- _Information supplied_
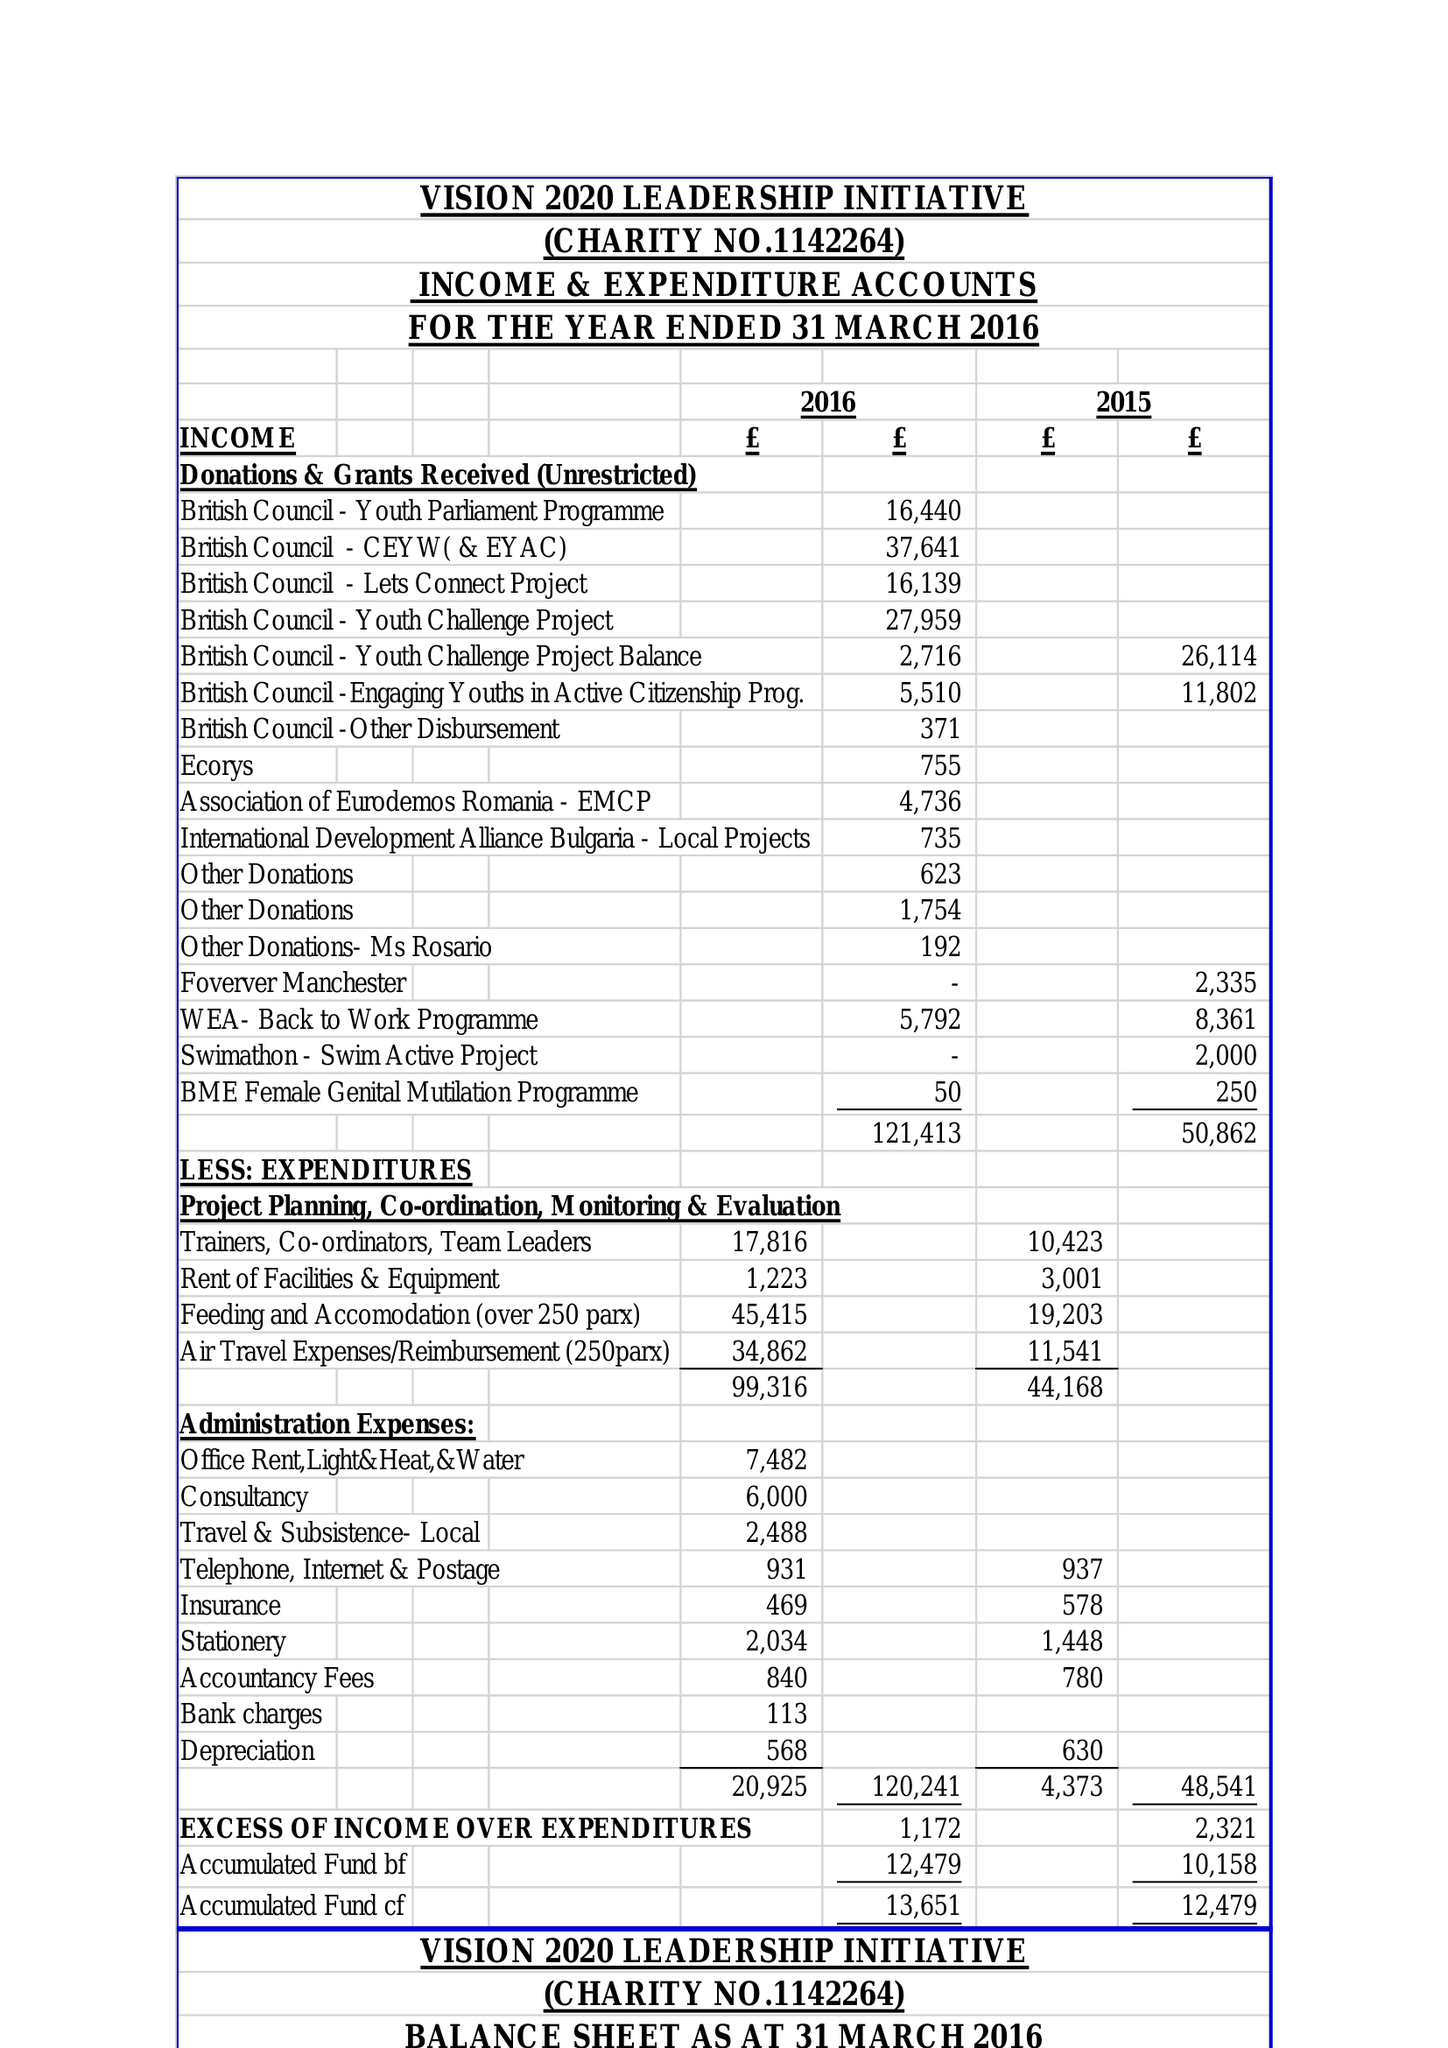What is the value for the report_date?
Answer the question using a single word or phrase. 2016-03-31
--
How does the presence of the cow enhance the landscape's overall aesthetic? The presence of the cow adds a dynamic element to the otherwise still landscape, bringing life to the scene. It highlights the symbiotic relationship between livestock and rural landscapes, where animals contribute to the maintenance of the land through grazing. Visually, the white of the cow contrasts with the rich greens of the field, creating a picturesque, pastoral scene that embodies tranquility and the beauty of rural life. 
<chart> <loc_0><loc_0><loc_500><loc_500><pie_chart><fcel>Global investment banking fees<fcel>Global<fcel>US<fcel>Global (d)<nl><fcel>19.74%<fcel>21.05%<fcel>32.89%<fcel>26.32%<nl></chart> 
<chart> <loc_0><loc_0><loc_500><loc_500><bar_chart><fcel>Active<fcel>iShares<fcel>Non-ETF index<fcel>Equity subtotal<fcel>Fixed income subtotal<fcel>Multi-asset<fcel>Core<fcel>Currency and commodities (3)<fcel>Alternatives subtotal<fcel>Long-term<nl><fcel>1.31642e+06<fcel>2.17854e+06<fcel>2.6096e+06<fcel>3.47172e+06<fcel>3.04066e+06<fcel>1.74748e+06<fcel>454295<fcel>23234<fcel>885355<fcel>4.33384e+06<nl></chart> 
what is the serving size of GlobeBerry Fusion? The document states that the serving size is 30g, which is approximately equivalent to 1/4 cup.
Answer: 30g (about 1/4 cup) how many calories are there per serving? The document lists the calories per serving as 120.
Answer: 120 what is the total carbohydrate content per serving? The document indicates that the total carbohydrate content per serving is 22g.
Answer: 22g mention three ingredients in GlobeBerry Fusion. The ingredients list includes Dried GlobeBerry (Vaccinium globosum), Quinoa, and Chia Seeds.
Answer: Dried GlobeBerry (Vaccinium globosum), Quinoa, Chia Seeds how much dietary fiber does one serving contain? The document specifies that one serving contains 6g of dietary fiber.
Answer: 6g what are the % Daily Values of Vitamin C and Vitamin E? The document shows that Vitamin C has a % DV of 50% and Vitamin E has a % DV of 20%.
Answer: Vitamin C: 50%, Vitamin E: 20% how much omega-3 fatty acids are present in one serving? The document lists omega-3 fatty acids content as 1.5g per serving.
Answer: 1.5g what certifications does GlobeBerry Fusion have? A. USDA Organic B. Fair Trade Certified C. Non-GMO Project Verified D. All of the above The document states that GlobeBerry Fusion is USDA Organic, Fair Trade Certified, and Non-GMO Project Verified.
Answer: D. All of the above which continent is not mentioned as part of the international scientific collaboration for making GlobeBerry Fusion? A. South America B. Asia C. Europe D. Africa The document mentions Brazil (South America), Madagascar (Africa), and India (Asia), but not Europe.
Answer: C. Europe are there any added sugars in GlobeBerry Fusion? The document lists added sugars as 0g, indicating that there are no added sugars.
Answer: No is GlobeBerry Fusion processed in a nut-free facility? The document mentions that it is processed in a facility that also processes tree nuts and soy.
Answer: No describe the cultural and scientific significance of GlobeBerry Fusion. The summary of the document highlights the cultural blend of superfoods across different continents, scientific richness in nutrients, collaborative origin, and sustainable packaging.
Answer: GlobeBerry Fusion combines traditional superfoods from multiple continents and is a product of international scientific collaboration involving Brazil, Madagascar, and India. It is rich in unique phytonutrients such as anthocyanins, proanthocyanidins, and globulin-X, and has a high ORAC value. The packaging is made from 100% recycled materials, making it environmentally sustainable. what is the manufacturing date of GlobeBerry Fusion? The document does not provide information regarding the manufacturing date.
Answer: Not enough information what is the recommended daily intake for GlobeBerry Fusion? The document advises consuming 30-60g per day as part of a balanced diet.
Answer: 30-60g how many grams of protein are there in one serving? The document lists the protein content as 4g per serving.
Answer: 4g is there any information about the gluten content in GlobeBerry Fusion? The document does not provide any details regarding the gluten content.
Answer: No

- _What you are asked to do_
Scan the material line by line and report each one that contains "about".

- _Response to this exercise_
Answer: 30g (about 1/4 cup) how many calories are there per serving? The document lists the calories per serving as 120.
Answer: 4g is there any information about the gluten content in GlobeBerry Fusion? The document does not provide any details regarding the gluten content.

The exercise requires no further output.